因幡屋ぶろぐ

劇評かわら版「因幡屋通信」主宰
宮本起代子による幸せの観劇記録。
舞台の印象をより的確により豊かに記せますよう・・・

ピンク祭

2008-03-30 | 舞台
*振付・出演 磯島未来 加藤若菜 須加めぐみ 公式サイトはこちら こまばアゴラ劇場の公演は30日で終了
 劇団名は「ピンク」。東京公演は久しぶりとのことで、公演期間中「謝肉祭」「即興ナイト」「ピンク単独公演」の3つのステージが順次行われる。自分がみたのは「ピンク単独公演」である。

 ピンクは上記3人の女性による「過呼吸乙女ユニット」で、公演チラシには「正統に鍛えた体をことごとく酷使しながらその先に見えるダンスをダンスと示すも、転んでも笑いながらしぶとく図太く頭突きする3人のセッションは『同時多発バカ』と呼ばれるほどバカバカしさで溢れていて、その融合は他に類を見ない」であると。どんなものなのかまったく予想がつかず、こわごわとアゴラに向かう。1時間少しの上演後、茫然としている自分がいた。さまざまな気持ちで頭の中が混乱していた。驚いたのだ。チラシの文句がまったくその通りだったことに。

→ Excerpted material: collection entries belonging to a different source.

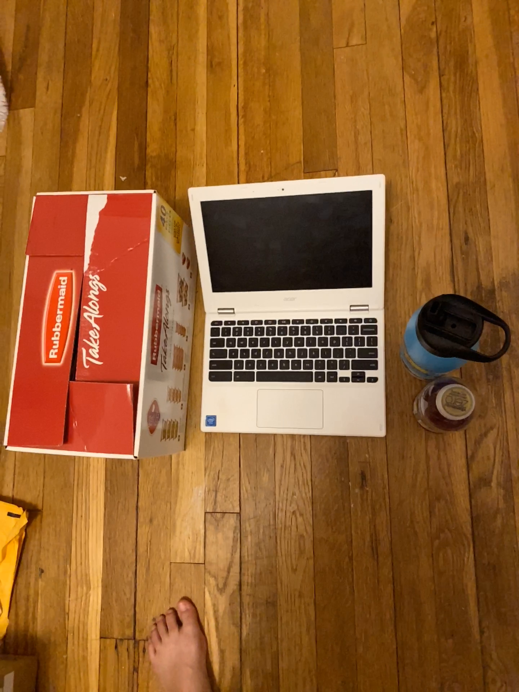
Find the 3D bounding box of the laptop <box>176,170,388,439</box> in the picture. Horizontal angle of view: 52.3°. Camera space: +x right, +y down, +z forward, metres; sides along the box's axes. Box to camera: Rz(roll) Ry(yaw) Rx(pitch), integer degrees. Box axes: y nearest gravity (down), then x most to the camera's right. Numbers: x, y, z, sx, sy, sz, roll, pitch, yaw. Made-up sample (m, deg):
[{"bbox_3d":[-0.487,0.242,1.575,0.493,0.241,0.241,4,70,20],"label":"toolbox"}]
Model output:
[{"bbox_3d":[0.040,-0.051,0.788,0.289,0.110,0.364,-1,82,13],"label":"laptop"}]
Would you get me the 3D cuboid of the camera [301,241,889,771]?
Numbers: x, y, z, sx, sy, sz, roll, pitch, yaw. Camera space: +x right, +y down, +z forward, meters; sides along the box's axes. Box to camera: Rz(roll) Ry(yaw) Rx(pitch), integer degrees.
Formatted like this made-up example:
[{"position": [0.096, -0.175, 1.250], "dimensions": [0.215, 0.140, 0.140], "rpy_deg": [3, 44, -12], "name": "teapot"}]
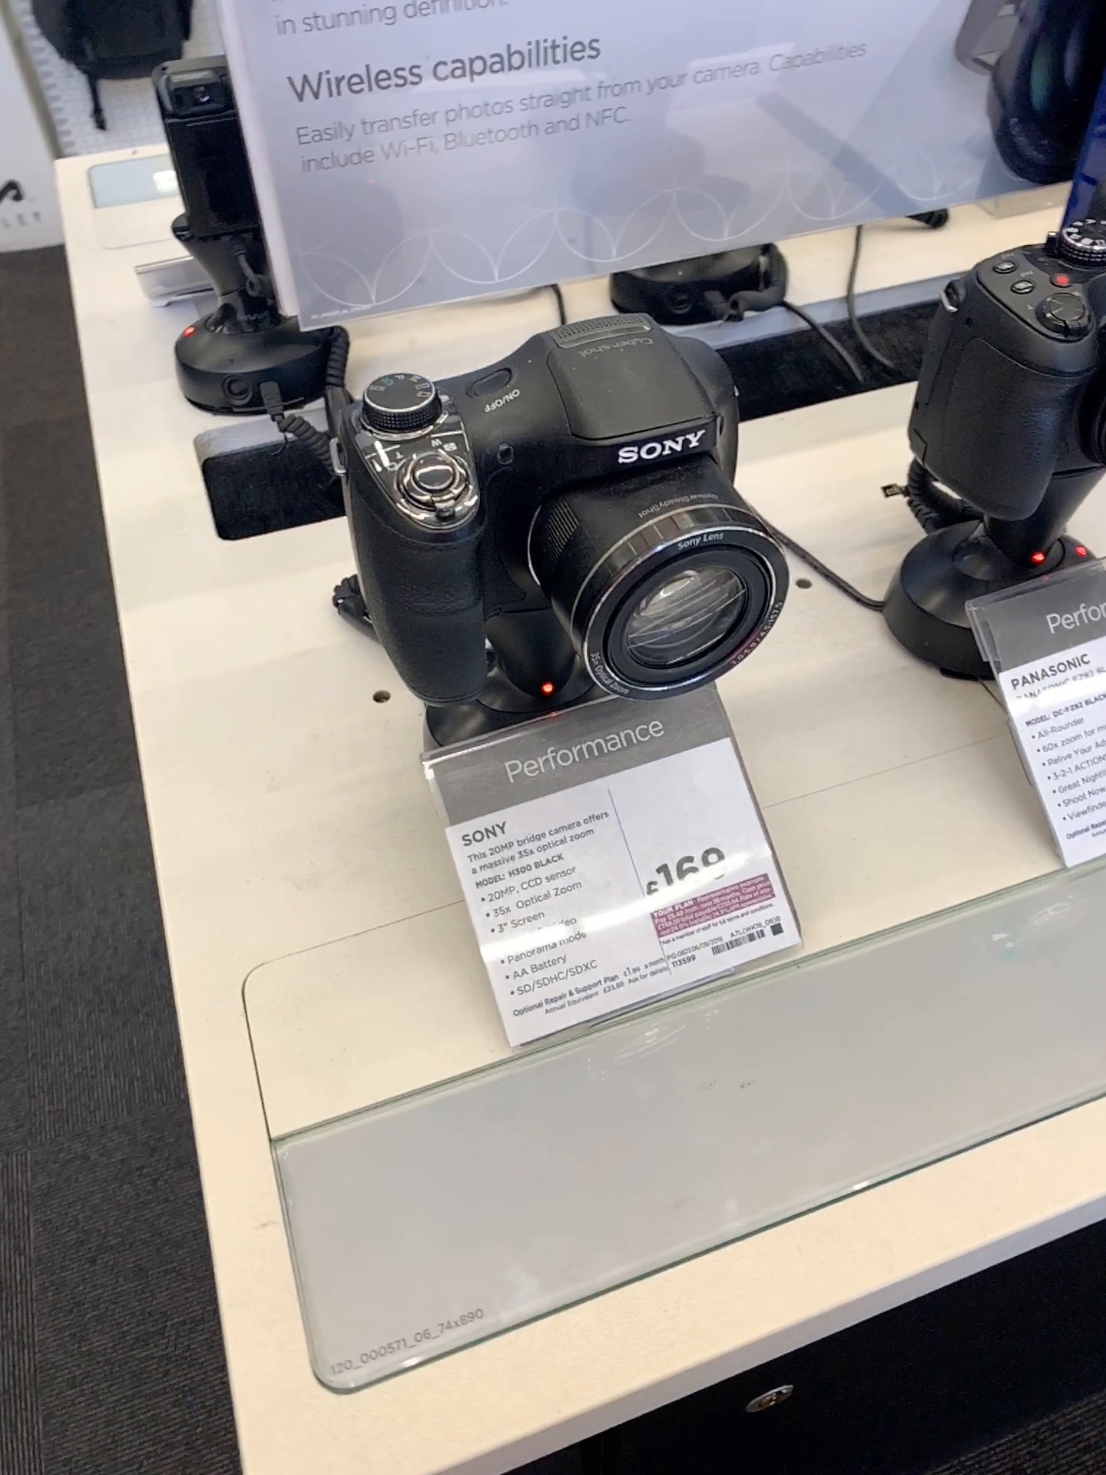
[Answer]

 3人の女の子たちが踊る、動く、暴れる。その中にほんの少し台詞もあるのだが、お芝居の登場人物として話しているわけではなく、舞台にも物語性はない。ひたすら踊る彼女たちの柔軟で強靭な肉体と、ダンスともアクションとも思える動きに見入るばかりであった。クラシックバレエ的な動きもあるし、ほとんどアクロバット、いやプロレスに近いところもあった。どうしてそんなにからだが動くの?と感嘆すると同時に、なぜそこまで動かし続けるの?人が舞台に立つのは、何かを伝えたい、表現したい欲求があるからだと思う。しかしピンクの舞台は、何をしたいのか結局わからず、かといって自己陶酔のパフォーマンスでもなく、観客への感謝や気遣い?も感じられる。必死に踊る彼女たちをみていると「よくわからないが、ともかく頑張ってるじゃないか」という気持ちになり、客席はいい感じに温まった。終演後おもてに出ると、さっきまで過ごした時間が嘘のように、駒場の町は静かであった。駅のホームからみる夜桜は昼間よりも美しく妖艶。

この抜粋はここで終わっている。